Chậteauneuf-du-Pape Rouge Reserve 2015
55% grenache (impiantate nel 1950) e 45% mourvedre (1965) – profuma di lampone e ciliegia, è intenso e calibrato, ha nelle proporzioni e nella dolcezza misurata la sua quadratura, anche se il finale, dai toni un po’ verdi, è meno coinvolgente  89/100.

Clos du Mont Olivet
famoso Domaine dalle origini antichissime che si fanno risalire addirittura al 1547, conta su quasi 40 ettari tra Chậteauneuf e Côtes du Rhone, con una predominanza di grenache e uno stile classico e tradizionale.

Chậteauneuf-du-Pape Blanc 2015
note di pera bianca e mentuccia; la dolcezza del frutto è contrastata dalla freschezza balsamica, ha respiro e grazia ma anche toni appiccicosi insistenti che appesantiscono il finale  85/100.

Chậteauneuf-du-Pape Rouge 2015
vino arioso, dal colore poco estrattivo in rapporto all’annata; il tatto è garbato e insieme polposo, di indole elegante, tenero a tratti ma dotato di carattere e scioltezza tannica. Il finale è lungo, luminoso, teso, saporito, semplicemente buonissimo  93/100.

Chậteauneuf-du-Pape Rouge 2014
ben fatto, alterna note mediterranee di fiori di ginestra e rosmarino, ha un colore tenue e sapore non privo di dettagli, in lieve debito di concentrazione, ma godibilissimo  89/100.

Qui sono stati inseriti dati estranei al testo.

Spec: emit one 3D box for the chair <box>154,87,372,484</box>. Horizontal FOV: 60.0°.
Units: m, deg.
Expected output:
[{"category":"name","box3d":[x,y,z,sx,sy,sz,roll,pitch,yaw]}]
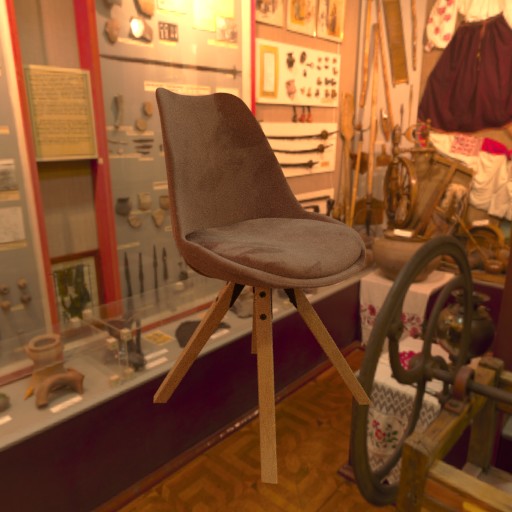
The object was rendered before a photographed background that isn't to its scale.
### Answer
[{"category":"chair","box3d":[0.000,0.000,1.167,0.550,0.850,0.485,15,22,42]}]

Chậteauneuf-du-Pape Rouge 2011
alcolico e potente all’impatto, possiede sentori di tartufo e liquirizia, con un tatto elegante e vellutato dove la matura dolcezza dei tannini porta un contributo fondamentale all’equilibrio complessivo  94/100.

Chậteauneuf-du-Pape Rouge 2007
bella purezza espressiva al naso, l’annata è calda, e si sente per l’esuberanza alcolica, ma non per questo manca di dinamismo e di freschezza, fornita da un tannino misurato, dai risvolti balsamici  90/100.

Chậteauneuf-du-Pape Rouge Cuvée du Papet 2015
come ogni cuvée d’eccellenza che si rispetti le vigne sono vecchissime, dai 90 ai 100 anni con un 75% di grenache 15 di syrah e 10 di mourvèdre vinificate insieme; il colore è granato, vivo, luminoso, profuma di more, china e spezie e sfodera sul palato una concentrazione di frutto e uno spessore tannico notevolissimi, capaci di espandersi nel lungo finale, fra sale e tannini finissimi.
Se questo è il 2015, immaginiamoci cosa potrà essere il 2016! (annata che si preannuncia addirittura superiore)  96/100.

Domaine la Barroche
Si parla della rivelazione degli ultimi 10 anni nell’area dello Chậteauneuf-du-Pape. Julien Barrot, il titolare, ormai non lo ferma più nessuno. Con il rinnovamento della cantina ha tutti i mezzi per continuare il suo percorso: dai tini in cemento di Nico Velo, ai passaggi di vinificazione che avvengono per caduta, sfrutta opportunamente i grandi spazi organizzati per gestire fermentazioni e affinamenti in botti  grandi o medie, come vuole la Grenache, il vitigno di riferimento per Julien.

Chậteauneuf-du-Pape Signature 2015
molto carico, colore scuro decisamente estrattivo, un vino senza compromessi, dove si alternano in chiaroscuro estrazione e levigatezza, austerità e morbidezza, sensazioni minerali e terrose con il frutto dolce e maturo; un vino potente e dritto privo di titubanze  90/100.

Chậteauneuf-du-Pape Signature 2014
il colore è più scarico (le annate imprimono ai vini il loro marchio), sentori di pepe, spezie, sensazioni verdi fresche e balsamiche al naso; palato più schietto e dinamico che maturo e polposo, di grana fine ma in debito di maturità   – 87/100.

Chậteauneuf du Pape Pure 2015
campione da botte, anzi dall’unica botte che contiene il Pure; materia impressionante per levigatezza e volume, la dinamica gustativa è trascinante e chiude su un finale di liquirizia, pepe, spezie, more e tanto sale a esaltare le sensazioni   95/100.

Domaine de la Charbonniere

Chậteauneuf-du-Pape 2015
ordinato, preciso, piacevole, ben fatto ma niente più  84/100.

Chậteauneuf-du-Pape Mourre de Pedrix 2015
naso maturo, corpo di buona densità e struttura; una certa vena rustica, terrosa, accompagna il sorso e lo rende saporito e genuino  87/100.

Chậteauneuf-du-Pape Les Hautes Brusquieres Cuvée Speciale
già il colore – luminoso,denso, brillante – prelude a un bel conseguimento; l’attacco di bocca è cremoso, con tannini morbidi e setosi che preparano un finale lungo e saporito. Un vino molto ordinato che ha il solo limite di essere ancora imbrigliato dalla sua giovinezza, da attendere con fiducia   92/100.